`Bo-June (Paul) Hsu1, Milind Mahajan2, Alex Acero2
`1MIT & Microsoft Research
`2Microsoft Research
`
`1 Motivation
`Text entry on mobile phones is growing in popularity due to increasing use of applications such
`as SMS and e-mail. Mobile phones and mobile devices in general do not have a keyboard which
`is as convenient as that on the desktop computers. Mobile phones in particular tend to have only
`a numeric keypad on which multiple letters map to the same key.

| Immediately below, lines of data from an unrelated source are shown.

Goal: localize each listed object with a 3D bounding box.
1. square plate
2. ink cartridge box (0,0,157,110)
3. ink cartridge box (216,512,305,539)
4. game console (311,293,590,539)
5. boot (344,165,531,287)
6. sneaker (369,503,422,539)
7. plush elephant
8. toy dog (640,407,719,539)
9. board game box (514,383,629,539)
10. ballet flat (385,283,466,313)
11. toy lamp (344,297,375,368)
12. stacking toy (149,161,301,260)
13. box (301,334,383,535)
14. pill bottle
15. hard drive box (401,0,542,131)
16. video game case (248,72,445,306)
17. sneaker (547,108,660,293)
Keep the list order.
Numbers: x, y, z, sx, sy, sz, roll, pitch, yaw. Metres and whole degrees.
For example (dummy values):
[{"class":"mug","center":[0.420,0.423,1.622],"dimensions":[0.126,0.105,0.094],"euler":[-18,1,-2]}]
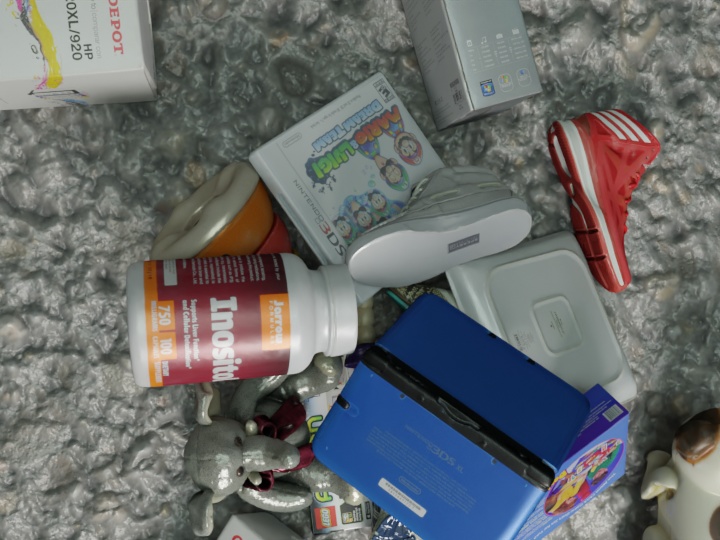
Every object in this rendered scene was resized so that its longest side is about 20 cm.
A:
[{"class":"square plate","center":[0.198,0.062,0.917],"dimensions":[0.197,0.028,0.201],"euler":[-13,78,-36]},{"class":"ink cartridge box","center":[-0.306,-0.243,0.847],"dimensions":[0.199,0.145,0.148],"euler":[-6,92,-8]},{"class":"ink cartridge box","center":[-0.113,0.370,0.893],"dimensions":[0.144,0.084,0.201],"euler":[30,88,24]},{"class":"game console","center":[0.086,0.147,0.822],"dimensions":[0.200,0.118,0.171],"euler":[34,103,14]},{"class":"boot","center":[0.066,-0.050,0.885],"dimensions":[0.199,0.096,0.074],"euler":[-13,133,-17]},{"class":"sneaker","center":[0.046,0.235,0.908],"dimensions":[0.077,0.085,0.201],"euler":[3,114,-2]},{"class":"plush elephant","center":[-0.104,0.170,0.856],"dimensions":[0.199,0.155,0.166],"euler":[-5,94,9]},{"class":"toy dog","center":[0.369,0.245,0.933],"dimensions":[0.139,0.194,0.201],"euler":[8,97,5]},{"class":"board game box","center":[0.178,0.217,0.877],"dimensions":[0.200,0.135,0.045],"euler":[-33,51,-13]},{"class":"ballet flat","center":[0.113,0.072,0.913],"dimensions":[0.075,0.068,0.200],"euler":[-40,94,-4]},{"class":"toy lamp","center":[0.000,0.000,0.924],"dimensions":[0.058,0.058,0.201],"euler":[-3,76,-7]},{"class":"stacking toy","center":[-0.103,0.001,0.905],"dimensions":[0.146,0.146,0.200],"euler":[-46,112,-4]},{"class":"box","center":[-0.012,0.177,0.953],"dimensions":[0.109,0.035,0.201],"euler":[-7,93,-7]},{"class":"pill bottle","center":[-0.108,0.042,0.798],"dimensions":[0.199,0.113,0.114],"euler":[-4,92,-12]},{"class":"hard drive box","center":[0.102,-0.257,0.895],"dimensions":[0.076,0.156,0.201],"euler":[-17,94,-7]},{"class":"video game case","center":[0.008,-0.089,0.907],"dimensions":[0.200,0.024,0.182],"euler":[-40,97,-36]},{"class":"sneaker","center":[0.291,-0.084,0.965],"dimensions":[0.115,0.078,0.201],"euler":[-19,95,-5]}]
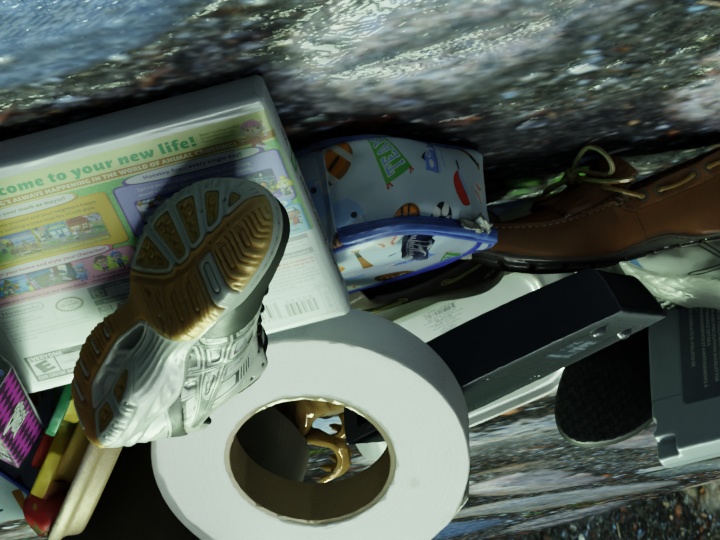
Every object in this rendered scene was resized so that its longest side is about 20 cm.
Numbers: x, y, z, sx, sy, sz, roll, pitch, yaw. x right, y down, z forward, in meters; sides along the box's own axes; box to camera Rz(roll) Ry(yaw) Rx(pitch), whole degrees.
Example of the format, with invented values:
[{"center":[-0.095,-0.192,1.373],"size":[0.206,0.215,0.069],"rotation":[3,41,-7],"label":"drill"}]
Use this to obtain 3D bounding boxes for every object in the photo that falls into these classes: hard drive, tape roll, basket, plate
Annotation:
[{"center":[0.091,0.055,1.355],"size":[0.199,0.043,0.135],"rotation":[-27,168,19],"label":"hard drive"},{"center":[-0.030,0.108,1.301],"size":[0.201,0.037,0.204],"rotation":[1,128,1],"label":"tape roll"},{"center":[-0.123,0.185,1.413],"size":[0.179,0.201,0.136],"rotation":[21,152,12],"label":"basket"},{"center":[0.069,0.055,1.491],"size":[0.198,0.032,0.200],"rotation":[-22,138,4],"label":"plate"}]

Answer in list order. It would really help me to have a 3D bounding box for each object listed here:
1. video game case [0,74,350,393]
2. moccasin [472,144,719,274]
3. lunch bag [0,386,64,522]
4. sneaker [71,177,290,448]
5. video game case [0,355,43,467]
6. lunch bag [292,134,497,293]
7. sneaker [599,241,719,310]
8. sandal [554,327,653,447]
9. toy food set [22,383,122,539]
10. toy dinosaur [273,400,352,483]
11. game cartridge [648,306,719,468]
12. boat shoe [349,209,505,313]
[{"center":[-0.122,-0.015,1.133],"size":[0.198,0.022,0.183],"rotation":[-14,139,7],"label":"video game case"},{"center":[0.160,-0.043,1.330],"size":[0.200,0.078,0.074],"rotation":[-12,-177,-10],"label":"moccasin"},{"center":[-0.309,0.097,1.422],"size":[0.169,0.125,0.200],"rotation":[-16,137,33],"label":"lunch bag"},{"center":[-0.080,0.021,1.122],"size":[0.087,0.076,0.200],"rotation":[2,144,-36],"label":"sneaker"},{"center":[-0.269,0.040,1.184],"size":[0.181,0.036,0.200],"rotation":[31,166,3],"label":"video game case"},{"center":[-0.018,-0.023,1.260],"size":[0.199,0.076,0.160],"rotation":[-16,168,28],"label":"lunch bag"},{"center":[0.221,-0.012,1.432],"size":[0.199,0.073,0.072],"rotation":[13,150,40],"label":"sneaker"},{"center":[0.199,0.052,1.511],"size":[0.075,0.201,0.045],"rotation":[23,149,11],"label":"sandal"},{"center":[-0.162,0.075,1.327],"size":[0.048,0.201,0.198],"rotation":[24,132,-5],"label":"toy food set"},{"center":[-0.033,0.093,1.451],"size":[0.199,0.061,0.106],"rotation":[4,141,46],"label":"toy dinosaur"},{"center":[0.262,0.032,1.441],"size":[0.132,0.201,0.042],"rotation":[-14,144,24],"label":"game cartridge"},{"center":[0.000,0.000,1.383],"size":[0.198,0.072,0.060],"rotation":[-12,159,0],"label":"boat shoe"}]
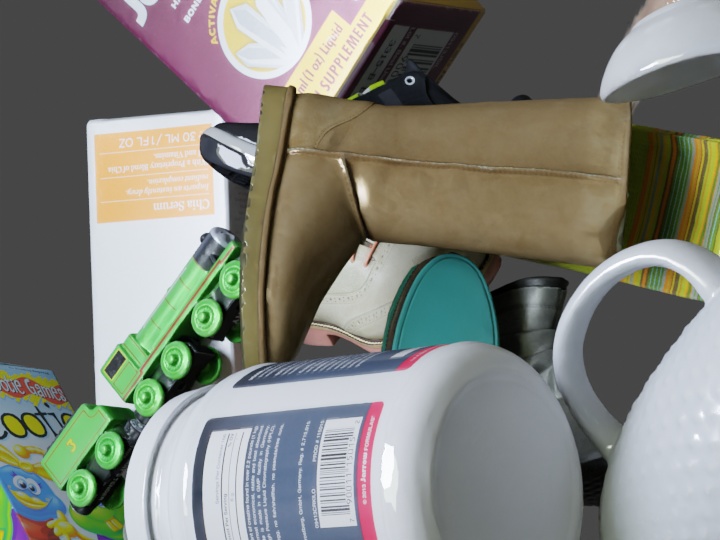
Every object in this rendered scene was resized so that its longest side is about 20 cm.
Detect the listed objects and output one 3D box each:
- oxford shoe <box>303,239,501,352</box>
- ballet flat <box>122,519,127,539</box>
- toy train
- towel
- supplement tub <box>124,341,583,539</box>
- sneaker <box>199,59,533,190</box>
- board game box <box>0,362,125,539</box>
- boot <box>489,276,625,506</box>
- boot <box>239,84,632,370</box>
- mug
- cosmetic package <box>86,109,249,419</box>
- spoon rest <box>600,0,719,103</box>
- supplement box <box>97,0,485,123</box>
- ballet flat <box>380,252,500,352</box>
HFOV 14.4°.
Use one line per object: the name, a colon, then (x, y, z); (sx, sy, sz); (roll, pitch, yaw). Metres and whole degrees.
oxford shoe: (0.000, 0.000, 1.617); (0.200, 0.074, 0.071); (-8, 39, 53)
ballet flat: (-0.092, 0.208, 1.720); (0.064, 0.067, 0.201); (108, 146, -49)
toy train: (-0.118, 0.057, 1.664); (0.056, 0.042, 0.200); (47, 110, 32)
towel: (0.131, -0.039, 1.557); (0.199, 0.018, 0.087); (13, 91, 47)
supplement tub: (-0.004, 0.112, 1.395); (0.199, 0.140, 0.141); (-8, 76, 42)
sneaker: (0.012, -0.075, 1.579); (0.072, 0.199, 0.083); (88, -170, -83)
board game box: (-0.223, 0.162, 1.825); (0.105, 0.103, 0.200); (-54, 48, 24)
boot: (0.102, 0.062, 1.529); (0.200, 0.067, 0.131); (-16, 69, 49)
boot: (0.039, -0.020, 1.489); (0.066, 0.199, 0.176); (90, -174, -68)
mug: (0.181, 0.072, 1.368); (0.200, 0.148, 0.176); (43, 121, 8)
cosmetic package: (-0.104, 0.007, 1.719); (0.101, 0.071, 0.201); (-5, 87, 27)
spoon rest: (0.211, -0.126, 1.447); (0.199, 0.099, 0.061); (-27, 79, 26)
supplement box: (-0.048, -0.162, 1.673); (0.200, 0.103, 0.131); (42, 112, 25)
ballet flat: (0.039, 0.091, 1.513); (0.070, 0.067, 0.201); (118, 153, -63)

Users currently use methods
`such as multi-tap (“this” = 8 44 444 7777) or Tegic Communications’ T9 (“this” = 8447) to enter
`text using a numeric keypad. Novice users of these methods achieve text entry rates of 5-10
`words per minute [1].
`2 Multi-modal combination of speech & keypad
`Speech has a high communication bandwidth which is estimated at about 250 words per minute
`[2]. However, text entry throughput using automatic speech recognition (ASR) is much lower in
`practice due to the time spent by the user in checking for and correcting the ASR errors which
`are inevitable with the current state of the art ASR systems. We will demonstrate a system which
`uses a combination of speech and keypad input to improve the overall text entry experience for
`the user of the mobile devices.
`3 Overview of operation
`The user presses and holds the microphone button on the side of the device and speaks a
`sentence. The user is then presented on screen with the best hypothesis and a selection list for
`only the first word of the sentence. If the best hypothesis word presented on screen is correct the
`user presses OK button (a designated confirmation key on the keypad). Otherwise, if the desired
`word is in the alternates list, the user navigates to it using the up-down keys and presses the OK
`button to confirm it. Alternatively, the user starts entering the word using the keypad. The
`algorithm re-computes the best hypothesis word and the alternates list using the a-posteriori
`probability obtained by combining the information from the following sources:
`•
`the keypad entries for the prefix of the word
`• speech recognition result lattice
`• words before the current word which have already been corrected
`•
`language model
`After, the user correctly enters the desired word; the process is similarly repeated for the
`subsequent words in the sentence.
`
`Exhibit 1021
`Page 01 of 02
`
`
`
`4 Key Features
`• Combination of speech and keypad
`ASR is inherently ambiguous and the results in a probability distribution over word sequences.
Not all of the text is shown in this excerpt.